Again, allowing various misallocated structures to go under will stop the bleeding of wealth generators. (Note again that the misallocated structures must be funded all the time. This means that wealth generators will have less real funding than they could have had at their disposal as long as these structures are allowed to exist.)
The US government and the Fed could learn from the Japanese experience: schemes to fix the economy don’t work if the pool of real savings is not there. In order to lift banks’ lending between 2001 and 2003, the Bank of Japan (BOJ) had been aggressively pumping money into the financial system. The average rate of growth of monetary pumping, as depicted by the bank holdings of balances at the BOJ, had increased by 93% during that period. In April 2002, the yearly rate of growth stood at 293%. Yet bank loans had continued to fall. The average yearly rate of growth of loans from 2001 to 2003 stood at negative 4.5%.
Conclusion
We suggest that the seizure of Fannie Mae and Freddie Mac (FF) by the government cannot help the housing market or the economy. Most people hold the mistaken view that the government has extra real resources that can be used in emergencies. This is erroneous. The government is not a wealth generator; it can only consume and redistribute real wealth. What is needed to revive the economy is a growing pool of real savings.

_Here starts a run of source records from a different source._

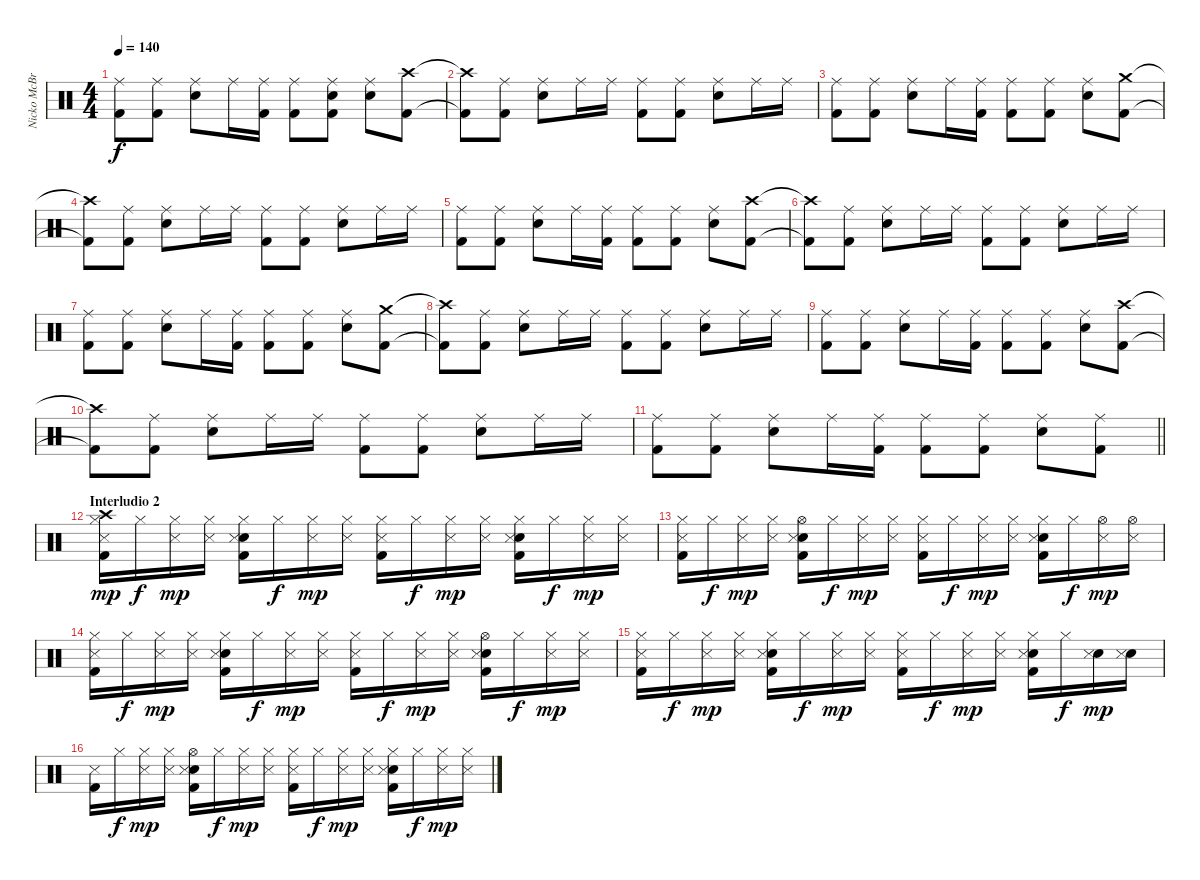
\track ("Nicko McBrain" "Nicko McBr") {instrument percussion}
\staff {score}
\articulation defaults
\ts (4 4)
\tempo 140
\clef neutral
\ks c
("Ride (middle)" "Kick (hit) 2").8{dy f} ("Ride (middle)" "Kick (hit) 2").8 ("Ride (middle)" "Snare (hit) 2").8 "Ride (middle)".16 ("Ride (middle)" "Kick (hit) 2").16 ("Ride (middle)" "Kick (hit) 2").8 ("Ride (middle)" "Snare (hit) 2" "Kick (hit) 2").8 ("Ride (middle)" "Snare (hit) 2").8 ("Crash high (hit)" "Kick (hit) 2").8 |
("Crash high (hit)"{t} "Kick (hit) 2"{t}).8 ("Ride (middle)" "Kick (hit) 2").8 ("Ride (middle)" "Snare (hit) 2").8 "Ride (middle)".16 "Ride (middle)".16 ("Ride (middle)" "Kick (hit) 2").8 ("Ride (middle)" "Kick (hit) 2").8 ("Ride (middle)" "Snare (hit) 2").8 "Ride (middle)".16 "Ride (middle)".16 |
("Ride (middle)" "Kick (hit) 2").8 ("Ride (middle)" "Kick (hit) 2").8 ("Ride (middle)" "Snare (hit) 2").8 "Ride (middle)".16 ("Ride (middle)" "Kick (hit) 2").16 ("Ride (middle)" "Kick (hit) 2").8 ("Ride (middle)" "Kick (hit) 2").8 ("Ride (middle)" "Snare (hit) 2").8 ("Crash medium (hit)" "Kick (hit) 2").8 |
("Crash high (hit)"{t} "Kick (hit) 2"{t}).8 ("Ride (middle)" "Kick (hit) 2").8 ("Ride (middle)" "Snare (hit) 2").8 "Ride (middle)".16 "Ride (middle)".16 ("Ride (middle)" "Kick (hit) 2").8 ("Ride (middle)" "Kick (hit) 2").8 ("Ride (middle)" "Snare (hit) 2").8 "Ride (middle)".16 "Ride (middle)".16 |
("Ride (middle)" "Kick (hit) 2").8 ("Ride (middle)" "Kick (hit) 2").8 ("Ride (middle)" "Snare (hit) 2").8 "Ride (middle)".16 ("Ride (middle)" "Kick (hit) 2").16 ("Ride (middle)" "Kick (hit) 2").8 ("Ride (middle)" "Kick (hit) 2").8 ("Ride (middle)" "Snare (hit) 2").8 ("Crash high (hit)" "Kick (hit) 2").8 |
("Crash high (hit)"{t} "Kick (hit) 2"{t}).8 ("Ride (middle)" "Kick (hit) 2").8 ("Ride (middle)" "Snare (hit) 2").8 "Ride (middle)".16 "Ride (middle)".16 ("Ride (middle)" "Kick (hit) 2").8 ("Ride (middle)" "Kick (hit) 2").8 ("Ride (middle)" "Snare (hit) 2").8 "Ride (middle)".16 "Ride (middle)".16 |
("Ride (middle)" "Kick (hit) 2").8 ("Ride (middle)" "Kick (hit) 2").8 ("Ride (middle)" "Snare (hit) 2").8 "Ride (middle)".16 ("Ride (middle)" "Kick (hit) 2").16 ("Ride (middle)" "Kick (hit) 2").8 ("Ride (middle)" "Kick (hit) 2").8 ("Ride (middle)" "Snare (hit) 2").8 ("Crash medium (hit)" "Kick (hit) 2").8 |
("Crash high (hit)"{t} "Kick (hit) 2"{t}).8 ("Ride (middle)" "Kick (hit) 2").8 ("Ride (middle)" "Snare (hit) 2").8 "Ride (middle)".16 "Ride (middle)".16 ("Ride (middle)" "Kick (hit) 2").8 ("Ride (middle)" "Kick (hit) 2").8 ("Ride (middle)" "Snare (hit) 2").8 "Ride (middle)".16 "Ride (middle)".16 |
("Ride (middle)" "Kick (hit) 2").8 ("Ride (middle)" "Kick (hit) 2").8 ("Ride (middle)" "Snare (hit) 2").8 "Ride (middle)".16 ("Ride (middle)" "Kick (hit) 2").16 ("Ride (middle)" "Kick (hit) 2").8 ("Ride (middle)" "Kick (hit) 2").8 ("Ride (middle)" "Snare (hit) 2").8 ("Crash high (hit)" "Kick (hit) 2").8 |
("Crash high (hit)"{t} "Kick (hit) 2"{t}).8 ("Ride (middle)" "Kick (hit) 2").8 ("Ride (middle)" "Snare (hit) 2").8 "Ride (middle)".16 "Ride (middle)".16 ("Ride (middle)" "Kick (hit) 2").8 ("Ride (middle)" "Kick (hit) 2").8 ("Ride (middle)" "Snare (hit) 2").8 "Ride (middle)".16 "Ride (middle)".16 |
\barLineRight lightlight
("Ride (middle)" "Kick (hit) 2").8 ("Ride (middle)" "Kick (hit) 2").8 ("Ride (middle)" "Snare (hit) 2").8 "Ride (middle)".16 ("Ride (middle)" "Kick (hit) 2").16 ("Ride (middle)" "Kick (hit) 2").8 ("Ride (middle)" "Kick (hit) 2").8 ("Ride (middle)" "Snare (hit) 2").8 ("Ride (middle)" "Kick (hit) 2").8 |
\section ("" "Interludio 2")
("Hi-Hat (closed)" "Snare (side stick) 3" "Crash high (hit)" "Kick (hit) 2").16{dy mp} "Hi-Hat (closed)".16{dy f} ("Hi-Hat (closed)" "Snare (side stick) 3").16{dy mp} ("Hi-Hat (closed)" "Snare (side stick) 3").16 ("Hi-Hat (closed)" "Snare (hit) 2" "Snare (side stick) 3" "Kick (hit) 2").16 "Hi-Hat (closed)".16{dy f} ("Hi-Hat (closed)" "Snare (side stick) 3").16{dy mp} ("Hi-Hat (closed)" "Snare (side stick) 3").16 ("Hi-Hat (closed)" "Snare (side stick) 3" "Kick (hit) 2").16 "Hi-Hat (closed)".16{dy f} ("Hi-Hat (closed)" "Snare (side stick) 3").16{dy mp} ("Hi-Hat (closed)" "Snare (side stick) 3").16 ("Hi-Hat (closed)" "Snare (hit) 2" "Snare (side stick) 3" "Kick (hit) 2").16 "Hi-Hat (closed)".16{dy f} ("Hi-Hat (closed)" "Snare (side stick) 3").16{dy mp} ("Hi-Hat (closed)" "Snare (side stick) 3").16 |
("Hi-Hat (closed)" "Snare (side stick) 3" "Kick (hit) 2").16 "Hi-Hat (closed)".16{dy f} ("Hi-Hat (closed)" "Snare (side stick) 3").16{dy mp} ("Hi-Hat (closed)" "Snare (side stick) 3").16 ("Hi-Hat (open)" "Snare (hit) 2" "Snare (side stick) 3" "Kick (hit) 2").16 "Hi-Hat (closed)".16{dy f} ("Hi-Hat (closed)" "Snare (side stick) 3").16{dy mp} ("Hi-Hat (closed)" "Snare (side stick) 3").16 ("Hi-Hat (closed)" "Snare (side stick) 3" "Kick (hit) 2").16 "Hi-Hat (closed)".16{dy f} ("Hi-Hat (closed)" "Snare (side stick) 3").16{dy mp} ("Hi-Hat (closed)" "Snare (side stick) 3").16 ("Hi-Hat (closed)" "Snare (hit) 2" "Snare (side stick) 3" "Kick (hit) 2").16 "Hi-Hat (closed)".16{dy f} ("Hi-Hat (open)" "Snare (side stick) 3").16{dy mp} ("Hi-Hat (open)" "Snare (side stick) 3").16 |
("Hi-Hat (closed)" "Snare (side stick) 3" "Kick (hit) 2").16 "Hi-Hat (closed)".16{dy f} ("Hi-Hat (closed)" "Snare (side stick) 3").16{dy mp} ("Hi-Hat (closed)" "Snare (side stick) 3").16 ("Hi-Hat (closed)" "Snare (hit) 2" "Snare (side stick) 3" "Kick (hit) 2").16 "Hi-Hat (closed)".16{dy f} ("Hi-Hat (closed)" "Snare (side stick) 3").16{dy mp} ("Hi-Hat (closed)" "Snare (side stick) 3").16 ("Hi-Hat (closed)" "Snare (side stick) 3" "Kick (hit) 2").16 "Hi-Hat (closed)".16{dy f} ("Hi-Hat (closed)" "Snare (side stick) 3").16{dy mp} ("Hi-Hat (closed)" "Snare (side stick) 3").16 ("Hi-Hat (open)" "Snare (hit) 2" "Snare (side stick) 3" "Kick (hit) 2").16 "Hi-Hat (closed)".16{dy f} ("Hi-Hat (closed)" "Snare (side stick) 3").16{dy mp} ("Hi-Hat (closed)" "Snare (side stick) 3").16 |
("Hi-Hat (closed)" "Snare (side stick) 3" "Kick (hit) 2").16 "Hi-Hat (closed)".16{dy f} ("Hi-Hat (closed)" "Snare (side stick) 3").16{dy mp} ("Hi-Hat (closed)" "Snare (side stick) 3").16 ("Hi-Hat (closed)" "Snare (hit) 2" "Snare (side stick) 3" "Kick (hit) 2").16 "Hi-Hat (closed)".16{dy f} ("Hi-Hat (closed)" "Snare (side stick) 3").16{dy mp} ("Hi-Hat (closed)" "Snare (side stick) 3").16 ("Hi-Hat (closed)" "Snare (side stick) 3" "Kick (hit) 2").16 "Hi-Hat (closed)".16{dy f} ("Hi-Hat (closed)" "Snare (side stick) 3").16{dy mp} ("Hi-Hat (closed)" "Snare (side stick) 3").16 ("Hi-Hat (closed)" "Snare (hit) 2" "Snare (side stick) 3" "Kick (hit) 2").16 "Hi-Hat (closed)".16{dy f} ("Snare (hit) 2" "Snare (side stick) 3").16{dy mp} ("Snare (hit) 2" "Snare (side stick) 3").16 |
("Snare (side stick) 3" "Kick (hit) 2").16 "Hi-Hat (closed)".16{dy f} ("Hi-Hat (closed)" "Snare (side stick) 3").16{dy mp} ("Hi-Hat (closed)" "Snare (side stick) 3").16 ("Hi-Hat (open)" "Snare (hit) 2" "Snare (side stick) 3" "Kick (hit) 2").16 "Hi-Hat (closed)".16{dy f} ("Hi-Hat (closed)" "Snare (side stick) 3").16{dy mp} ("Hi-Hat (closed)" "Snare (side stick) 3").16 ("Hi-Hat (closed)" "Snare (side stick) 3" "Kick (hit) 2").16 "Hi-Hat (closed)".16{dy f} ("Hi-Hat (closed)" "Snare (side stick) 3").16{dy mp} ("Hi-Hat (closed)" "Snare (side stick) 3").16 ("Hi-Hat (closed)" "Snare (hit) 2" "Snare (side stick) 3" "Kick (hit) 2").16 "Hi-Hat (closed)".16{dy f} ("Hi-Hat (closed)" "Snare (side stick) 3").16{dy mp} ("Hi-Hat (closed)" "Snare (side stick) 3").16

Neither the US Treasury nor the US central bank can create real savings. In order to keep the failing FF going, the taxpayers will be forced to foot the bill. This means a further squandering of the already depleted pool of real savings. Only wealth generators can revive the economy by accumulating enough real capital. In this regard, no government or central-bank policies can replace wealth generators.
The only way wealth generators can act effectively is when they are not disturbed, i.e., in a free-market environment. The sooner the government allows them to move ahead, the sooner we will have economic improvement. Any government or central-bank policies that are intended to improve on the free market — in particular during difficult economic times — are likely to make things much worse and prolong the economic crisis.